En el vertiginoso mundo del emprendimiento actual, pocas figuras brillan con tanto esplendor como Paty J. González, fundadora de «Eco Aventura». Reconocida como una pionera del ecoturismo en Sudamérica, Paty ha construido un camino inspirador que demuestra que una idea sencilla puede convertirse en un movimiento transformador. Su dedicación a la sostenibilidad y su búsqueda de una conexión auténtica con la naturaleza han inaugurado una nueva era en el turismo responsable, convirtiéndose en un modelo a seguir para quienes aspiran a dejar su huella en el panorama empresarial.
Originaria de una pequeña localidad del sur de Chile, Paty J. González creció rodeada de una biodiversidad única que alimentó su fascinación por el medio ambiente. Desde joven, el compromiso con la conservación natural se convirtió en una parte fundamental de su vida, llevándola a estudiar biología. Esta interacción constante con la riqueza natural de su entorno la inspiró a emprender un camino que no solo generara un negocio, sino que también fomentara la preservación del patrimonio natural chileno, sentando las bases de su futura empresa.
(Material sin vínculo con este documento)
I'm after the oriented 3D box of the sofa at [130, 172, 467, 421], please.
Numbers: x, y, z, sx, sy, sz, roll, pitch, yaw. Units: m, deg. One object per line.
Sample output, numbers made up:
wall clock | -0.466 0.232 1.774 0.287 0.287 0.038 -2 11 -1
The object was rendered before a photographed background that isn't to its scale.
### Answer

Tras finalizar sus estudios, Paty trabajó en una agencia de turismo local donde identificó la urgencia de una oferta más sostenible dentro del sector turístico. En 2015, armada de coraje y poco capital, fundó «Eco Aventura», que inicialmente ofrecía visitas guiadas en hermosos parajes naturales. Su propuesta, aunque sencilla, fue poderosa: conectar a las personas con el entorno de tal manera que se sintieran motivadas a cuidarlo. Los primeros años fueron retadores y llenos de incertidumbre, pero su pasión por la conservación ambiental la impulso a seguir adelante, aun cuando el camino era difícil.
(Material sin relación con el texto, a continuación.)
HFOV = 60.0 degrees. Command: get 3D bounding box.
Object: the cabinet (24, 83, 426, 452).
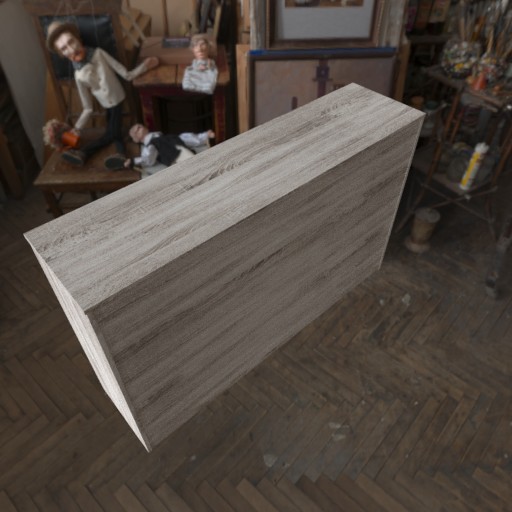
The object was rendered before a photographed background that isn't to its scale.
[{"bbox_3d":[0.000,0.000,1.821,1.450,0.900,0.380,-33,54,-28],"label":"cabinet"}]

Paty enfrentó numerosos obstáculos en su trayectoria, siendo uno de los más significativos el escepticismo hacia el ecoturismo. Muchos dudaban de que un modelo de negocio centrado en la sostenibilidad pudiera ser rentable, enfrentándose además a la competencia de grandes agencias turísticas. En medio de las dudas, Paty enfocó su energía en fundamentar su misión y diseñó estrategias innovadoras para destacar en un mercado saturado. Esta perseverancia demostró ser clave para ganar la confianza de sus primeros clientes.
El verdadero giro en la historia de «Eco Aventura» llegó con la decisión de colaborar con comunidades locales, implementando un modelo de negocio que beneficiaba tanto a turistas como a residentes de las áreas naturales. Esta sinergia no solo enriqueció las experiencias ofrecidas a los visitantes, sino que construyó una sólida red de apoyo entre los lugareños. Gracias a esta estrategia, la empresa de Paty comenzó a crecer desmesuradamente, integrándose a la economía local y creando un impacto positivo en la vida de quienes la rodean.